Ultradroite : "Il y a un changement de rapport à la violence de rue, mais aussi à la violence terroriste", selon un spécialiste
Du meurtre de Lola à la mort de Thomas à Crépol (Drôme), les groupuscules d'extrême droite s'emparent des faits divers avec une violence "qui s'affirme de plus en plus", notamment grâce à une nouvelle génération de militants qui n'a pas peur de prendre des "risques judiciaires", selon Emmanuel Casajus. Ce spécialiste de l'extrême droite est docteur en sociologie au Laboratoire du changement social et politique à Paris. Il est l'auteur de Style et violence dans l'extrême droite radicale (Editions du Cerf).

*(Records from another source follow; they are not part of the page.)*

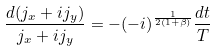Convert formula to latex. <formula><loc_0><loc_0><loc_500><loc_500>\frac { d ( j _ { x } + i j _ { y } ) } { j _ { x } + i j _ { y } } = - ( - i ) ^ { \frac { 1 } { 2 ( 1 + \beta ) } } \frac { d t } { T }</formula> 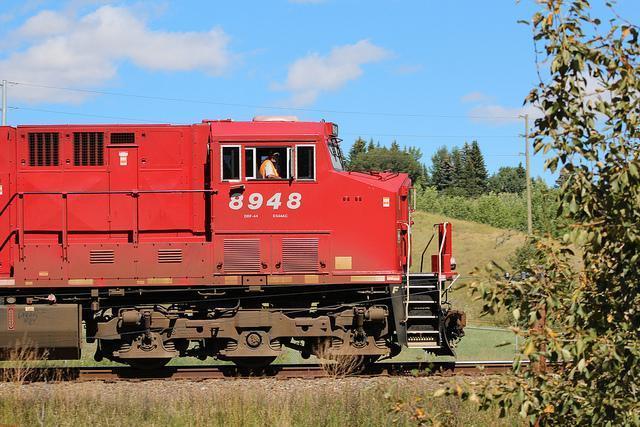How many steps do you see on the front of the train?
Give a very brief answer. 5. How many people are in the window of the train?
Give a very brief answer. 1. 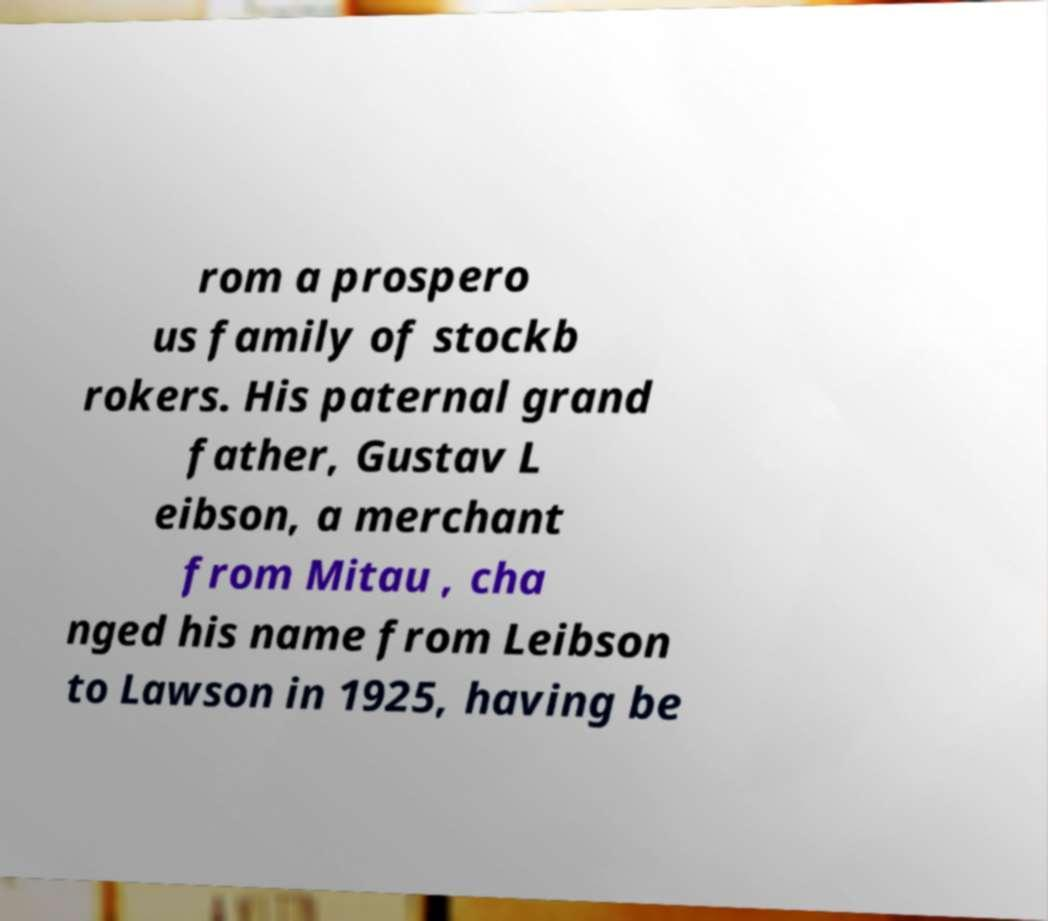Can you accurately transcribe the text from the provided image for me? rom a prospero us family of stockb rokers. His paternal grand father, Gustav L eibson, a merchant from Mitau , cha nged his name from Leibson to Lawson in 1925, having be 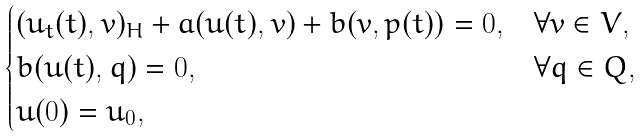Convert formula to latex. <formula><loc_0><loc_0><loc_500><loc_500>\begin{cases} ( u _ { t } ( t ) , v ) _ { H } + a ( u ( t ) , v ) + b ( v , p ( t ) ) = 0 , & \forall v \in V , \\ b ( u ( t ) , q ) = 0 , & \forall q \in Q , \\ u ( 0 ) = u _ { 0 } , \end{cases}</formula> 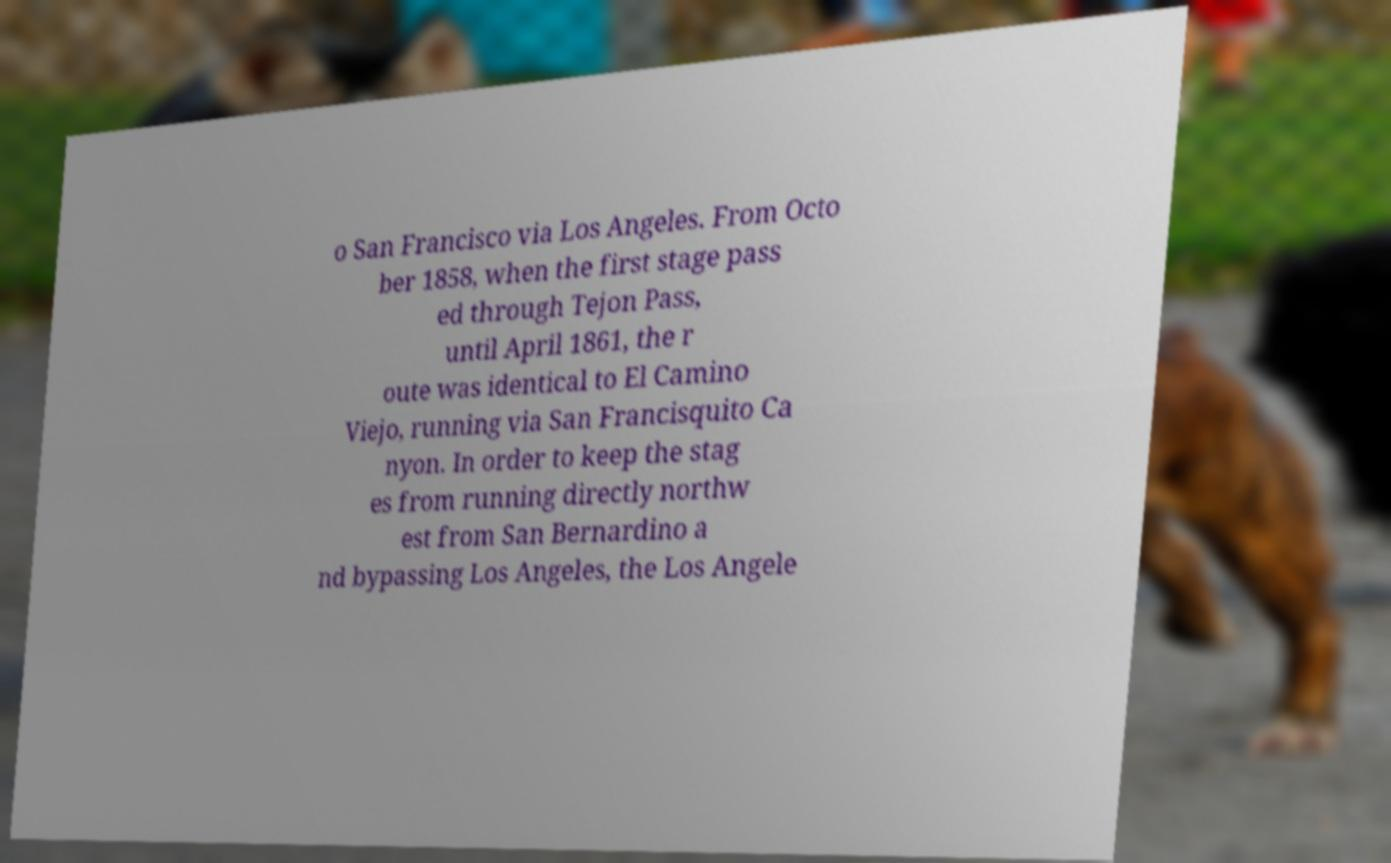Could you assist in decoding the text presented in this image and type it out clearly? o San Francisco via Los Angeles. From Octo ber 1858, when the first stage pass ed through Tejon Pass, until April 1861, the r oute was identical to El Camino Viejo, running via San Francisquito Ca nyon. In order to keep the stag es from running directly northw est from San Bernardino a nd bypassing Los Angeles, the Los Angele 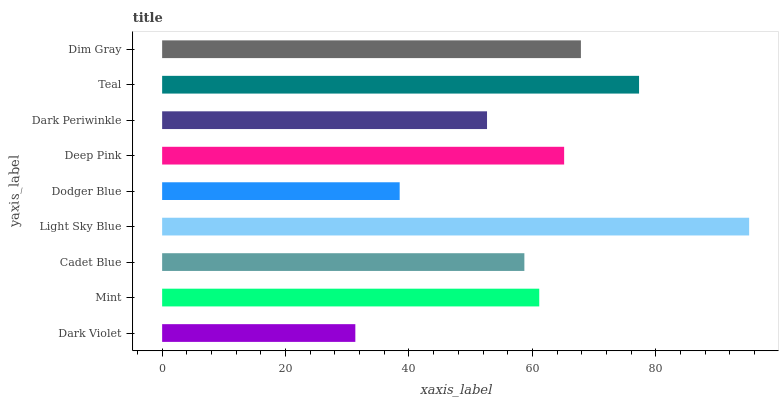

franceinfo : Est-ce que les modes d'action de ces groupuscules ont changé ?
Emmanuel Casajus : Cette façon d'agir et cette capacité à se mobiliser un peu partout en France sont assez récentes. Pour moi, ça remonte à l'affaire Lola, il y a un peu plus d'un an. Ensuite, le savoir-faire s'est confirmé à Saint-Brevin [où des militants d'extrême droite ont incendié la maison du maire en mars], avec une violence assez tolérée et qui a suscité peu de réactions indignées. C'est quelque chose d'assez nouveau qui se met en place, qui s'affirme de plus en plus, avec une volonté d'agir très vite et d'agir partout, et une capacité de plus en plus nette à le faire. Je pense aussi, par exemple, à Annecy, avec la mobilisation qui avait eu lieu le lendemain de l'attaque dans le parc pour enfants ou encore pendant les manifestations pour Nahel. Là, ils avaient un peu plus de mal à se mobiliser, mais ils avaient réussi à le faire à plusieurs endroits, avec un savoir-faire qui s'est développé sur les dernières années. En 2015-2016, l'Action française organisait des descentes de militants de Paris vers Marseille pour protéger leur local. Mais à l'époque, ils avaient du mal à remplir les voitures et c'était beaucoup de militants nationalistes révolutionnaires qui remplissaient, voire organisaient, ces allers-retours.
Comment expliquer cette meilleure capacité à se mobiliser ?
Je pense qu'il y a une question de confiance, une nouvelle génération qui s'inspire de pratiques qui viennent du stade, avec notamment les déplacements des supporters qui bougent d'une ville à l'autre pour soutenir leurs équipes. Je ne suis pas certain que les militants soient plus nombreux, mais ils sont plus motivés, avec une volonté de mettre la politique au premier rang dans leur vie et de prendre des risques en termes de carrière, en termes judiciaires, qui est plus affirmée que pour la génération de militants précédente. Ils sont mieux organisés et plus motivés, notamment grâce à la messagerie Telegram qui leur permet de prévoir des actions.
Leur violence est-elle davantage assumée ?
Il y a un changement de rapport à la violence de rue, mais aussi à la violence terroriste. À l’époque où j'avais réalisé une enquête de terrain, en 2015-2016, la violence terroriste était assez condamnée par les acteurs de cette mouvance. Une expression qui revenait, c'était "gogol à la Breivik" [du nom du terroriste norvégien d'extrême droite], c'est-à-dire un homme tout seul chez lui, qui prend des armes et fait n'importe quoi. Les militants disaient : "Nous, on n'a rien à voir avec ce genre de personne. On est des militants, on distribue des tracts". J'ai l'impression que ce mépris pour ce type d'agissements a complètement disparu et qu'aujourd'hui, c'est même plutôt le contraire. Ce sont des figures mises en avant, quasiment déifiées. Il y a une espèce de changement dans le rapport à la violence de l'ensemble de la société, parce que la condamnation vient aussi moins vite et de manière moins forte. Les normes sociales autour de la violence d'extrême droite ont changé, y compris au sein même de l'extrême droite et de sa frange radicale.